Most benchmarks for coding agents don't fail because the agents are bad. They fail because the task — "fix this bug in this open-source repo" — only covers a thin slice of what people actually pay agents to do at work. The bigger, messier, less-photogenic slice is managing a closed-source SaaS platform: keeping its configuration sane, its integrations healthy, its governance intact, and its upgrades survivable. There is no repo to fork. There are no unit tests to run. And yet this is the work that platform owners, in-house admin teams, partners, and managed-service providers spend most of their week on.

We built asm-bench because we wanted to know — honestly, and without grading on a curve — how good current agents actually are at that work. And we wanted everyone else to be able to know it too.

Asm-bench is open source under Apache 2.0, lives on HuggingFace, and starts with ServiceNow. Datadog and more platforms are next.

Why the Existing Benchmarks Don't Cover This

If you've followed agent evaluation for the last couple of years, you've seen a healthy explosion of code-centric benchmarks — SWE-bench, FeatureBench, the various agentic-coding leaderboards. They've done real work, and the field is better for them.

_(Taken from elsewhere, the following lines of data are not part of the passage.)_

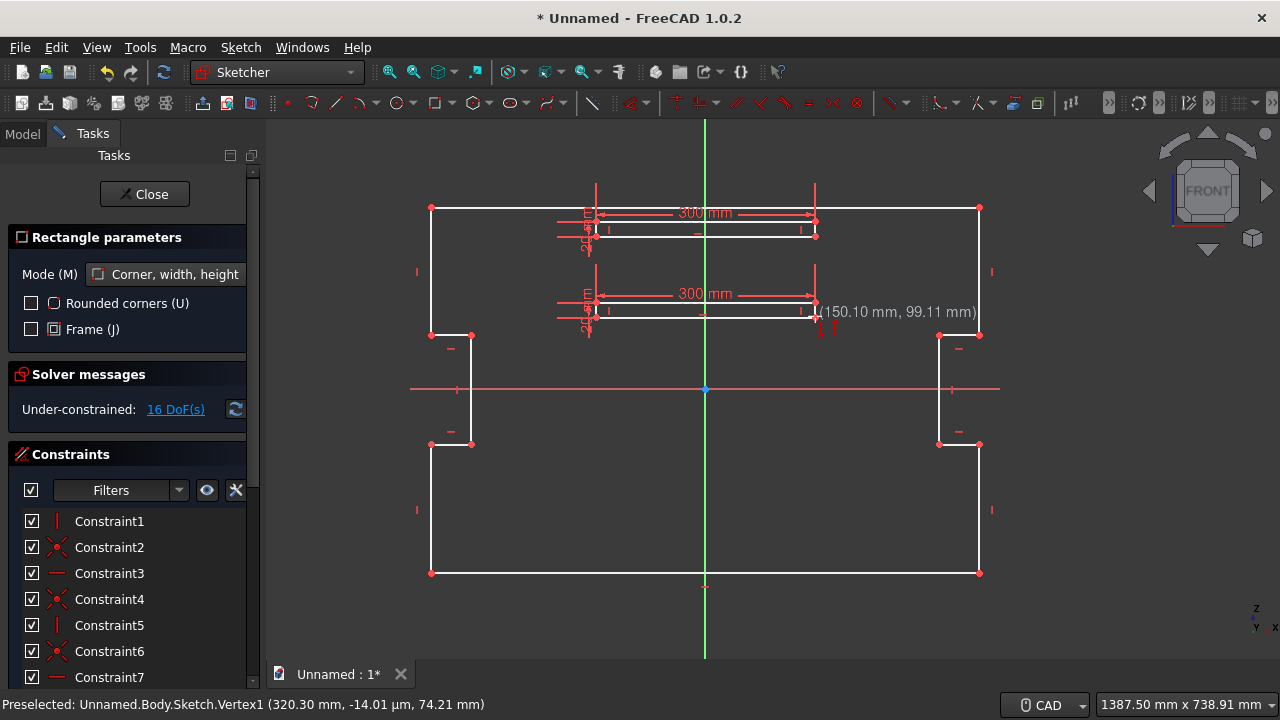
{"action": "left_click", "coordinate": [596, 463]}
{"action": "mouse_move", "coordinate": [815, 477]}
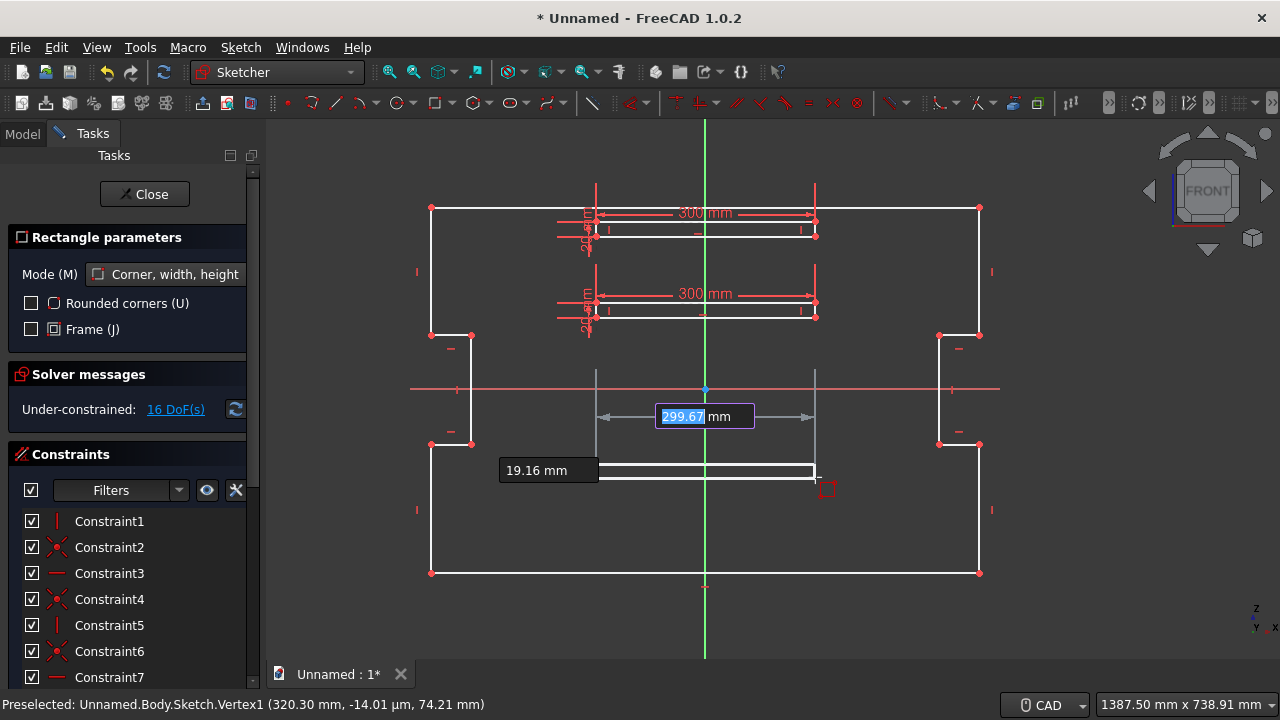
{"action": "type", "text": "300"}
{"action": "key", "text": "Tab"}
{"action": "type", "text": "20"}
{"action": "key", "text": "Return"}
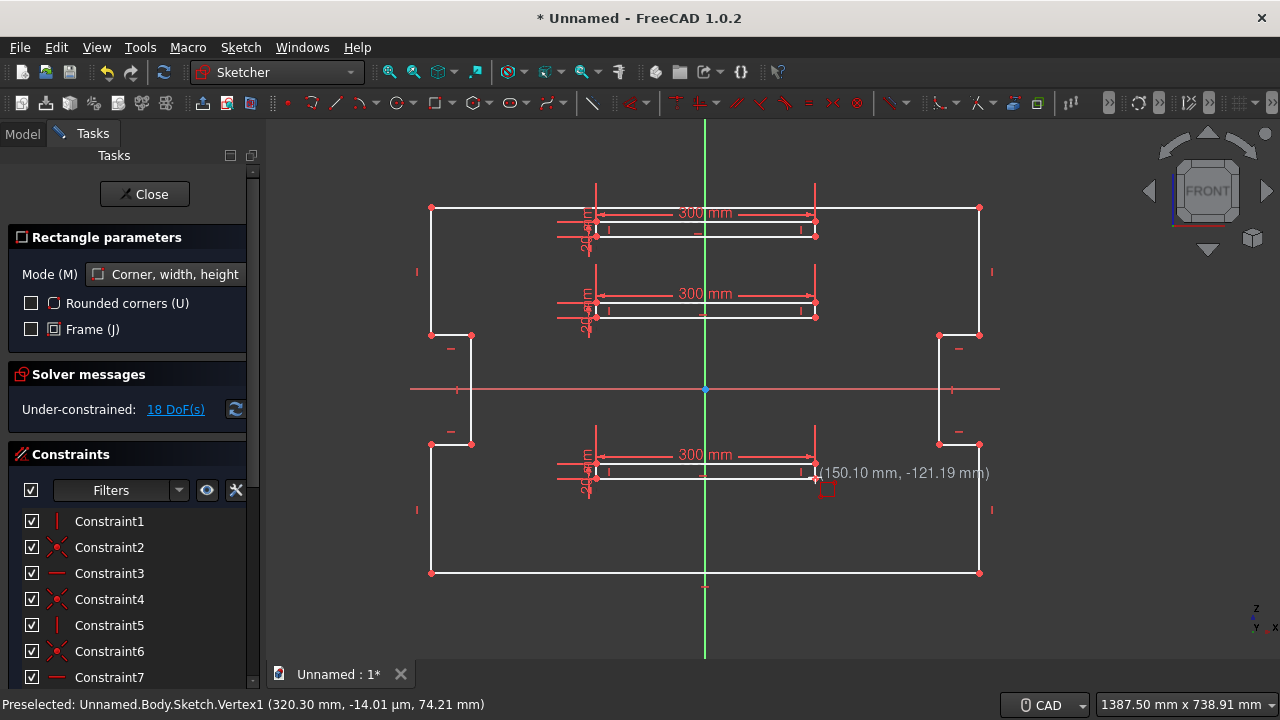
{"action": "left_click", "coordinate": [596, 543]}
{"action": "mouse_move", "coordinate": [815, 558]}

But the moment an agent's job description shifts from "modify this source file" to "manage this platform," the assumptions break:‍

• ‍No source repo. You can't git clone ServiceNow. You evaluate against the platform's real semantics — encoded queries, ACLs, business rules, catalog workflows, ATF, upgrade-skip remediation, integration design — not against a test runner.‍
• State, not files. A good outcome is "the CMDB no longer has duplicate CIs and the relationships are still intact," not "the diff applies cleanly."‍
• Governance is the work. Change control, blast-radius limits, scope contracts, refusal-when-asked — these aren't side quests. A naive agent that just does whatever the user asks has already failed a significant fraction of the real workload.
• Closed-book operators. The people doing this job in production cannot share their tickets, their sys_ids, or their integration designs. Any benchmark built from scraped customer artifacts is either contaminated or leaked, or both.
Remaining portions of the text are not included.